Study into suicide bombing curtailed

九月 29, 2006

Australia's new anti-terrorism laws are affecting serious research on Islamic fundamentalism, writes Geoff Maslen.

A respected academic who won one of Australia's biggest research grants has been forced to drop plans to interview international terrorist leaders as part of a study into suicide bombers.

Riaz Hassan, an emeritus professor of sociology at Flinders University, Adelaide, who was born in Pakistan, had to abandon the idea of interviewing the leaders after the intervention of Australia's Attorney-General Phillip Ruddock. Mr Ruddock sought a meeting with the academic and told him he should abide by Australia's new anti-terrorism laws.

The organisations Professor Hassan had planned to approach included Hezbollah in Lebanon, Hamas in the Palestinian territories, Islamic Jihad in Egypt and Jemaah Islamiah in Indonesia. The Australian Government considers each of these groups or their military wings to be terrorist organisations.

The Australian Research Council awarded Professor Hassan a grant worth A$829,000 (£438,000) for a five-year project that includes compiling a database of suicide bombings over the past 25 years. He went to London after the July 7, 2005, bombings to develop contacts within the Muslim community, but he said he would now rely on the results of the inquests.

Professor Hassan told The Times Higher that Mr Ruddock made an appointment to speak to him after the Attorney-General had apparently learnt of his research. Mr Ruddock did not directly warn against conducting the interviews but said that academics should abide by the law.

In an interview on ABC Radio, Mr Ruddock said he did not expect that genuine academics would break the terrorism laws but that under the legislation it was an offence to associate with terrorists. He said academics needed to consider whom they chose to interview.

Professor Hassan said he had modified his research design and would find other ways of obtaining information to achieve his research objectives. He said the first component of the research project was to prepare a comprehensive database of suicide attacks, who carried them out and who was involved. The second stage initially involved interviews with leaders and organisers responsible for the attacks, their members and other functionaries, as well as the families of the suicide bombers and the survivors.

In his application to the ARC, Professor Hassan said Australia's involvement in Afghanistan, Iraq and East Timor had made Australia a terrorist target.
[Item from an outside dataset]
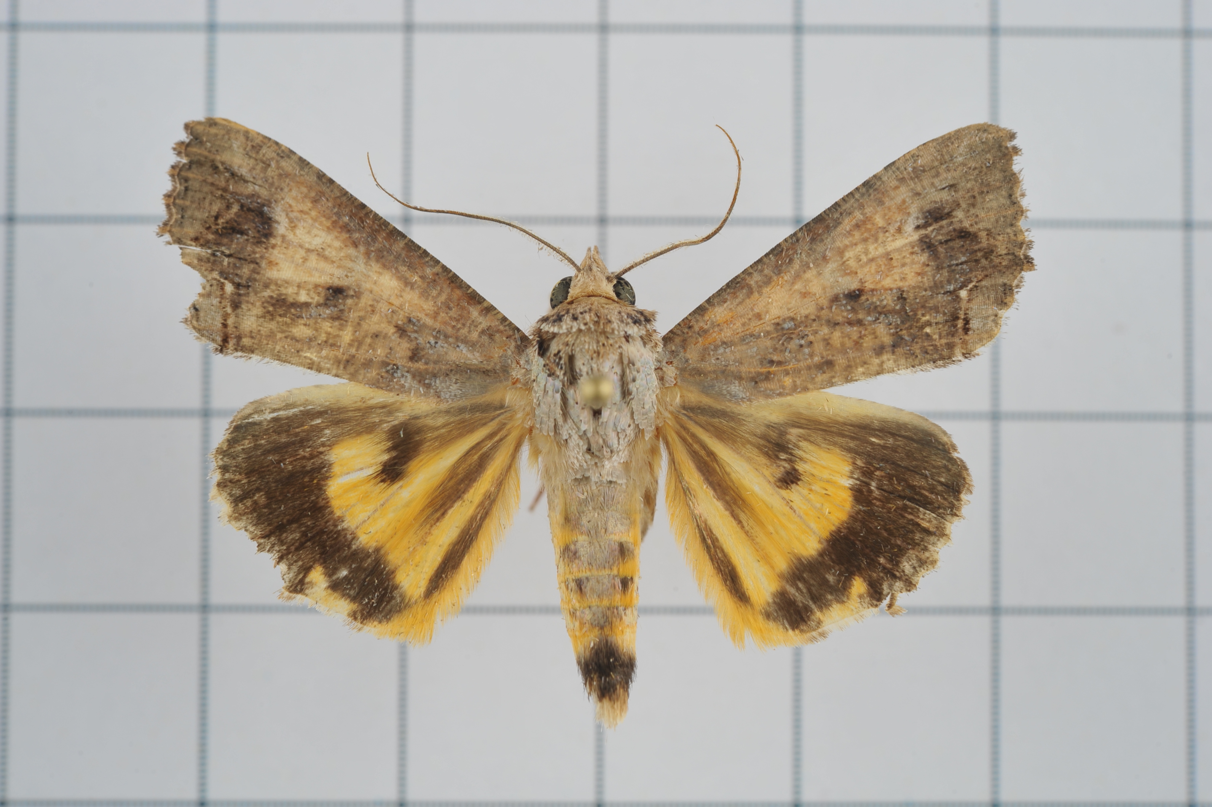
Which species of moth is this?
Hypocala deflorata deflorata

He questioned the link between Islamic fundamentalism and suicide bombing, saying it had fuelled a belief that future September 11-type attacks could be avoided only with a wholesale transformation of Muslim societies.
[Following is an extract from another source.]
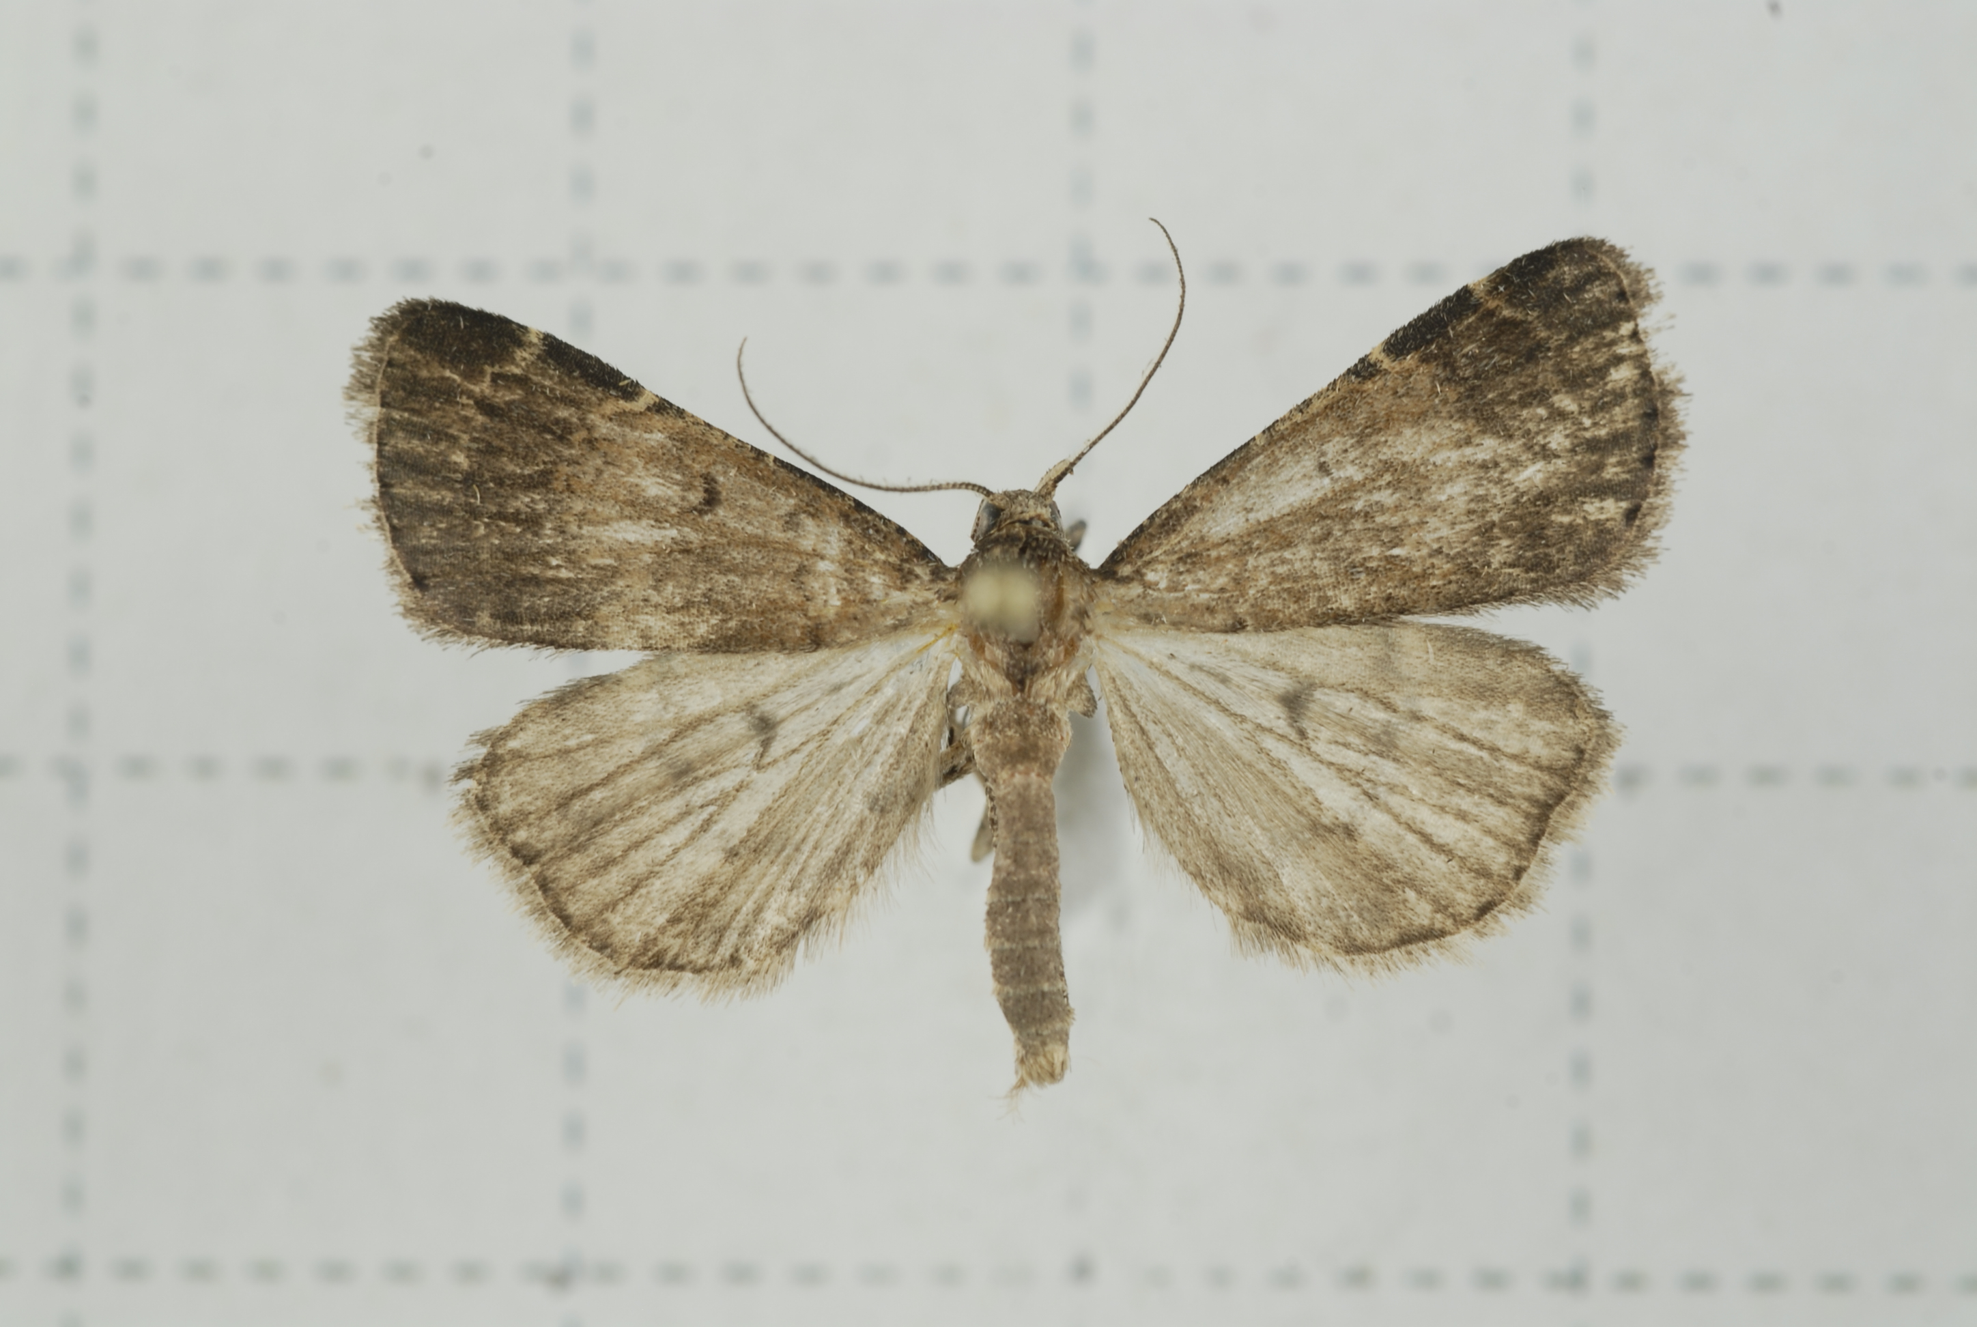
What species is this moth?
Hydrillodes lentalis
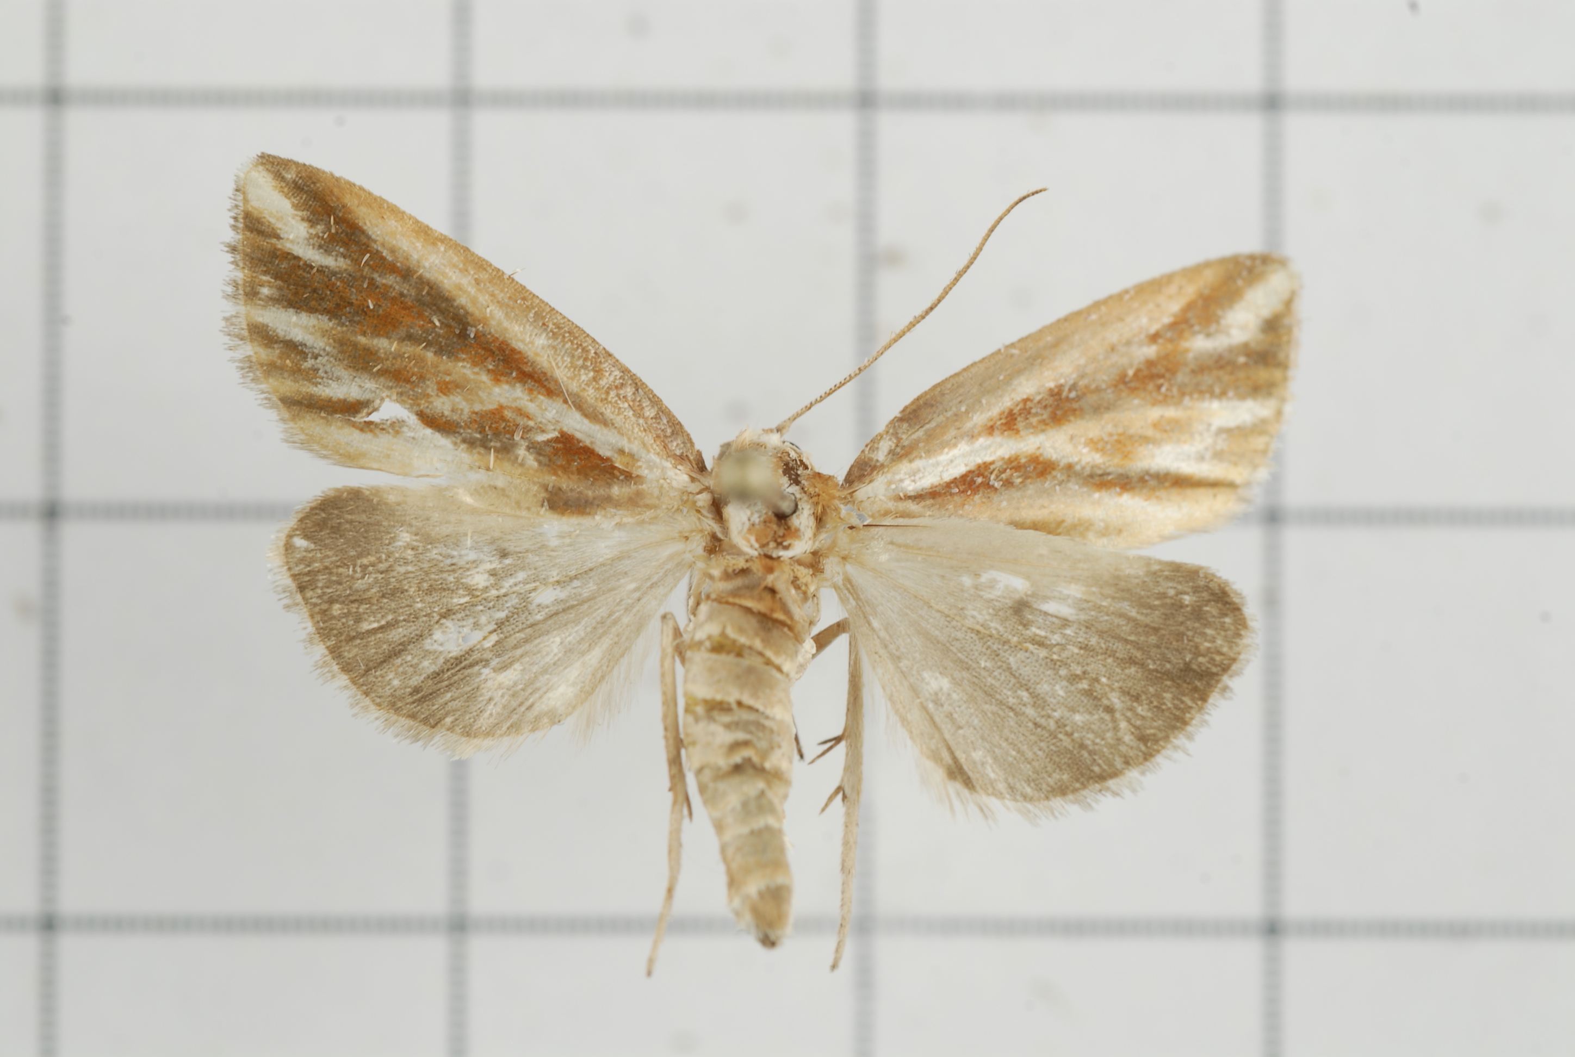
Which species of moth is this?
Narangodes confluens

"This presumed connection between suicide terrorism and Islamic fundamentalism is not only spurious but may also be fostering the development of domestic and foreign policies in the US, the UK, Australia and their allies that are likely to worsen the situation," he wrote.

Many academics believe they and their students are now being monitored by intelligence agencies and federal police. At Monash University, a PhD politics student was questioned by federal police after borrowing university library books on the Palestinian conflict as part of his studies into martyrdom.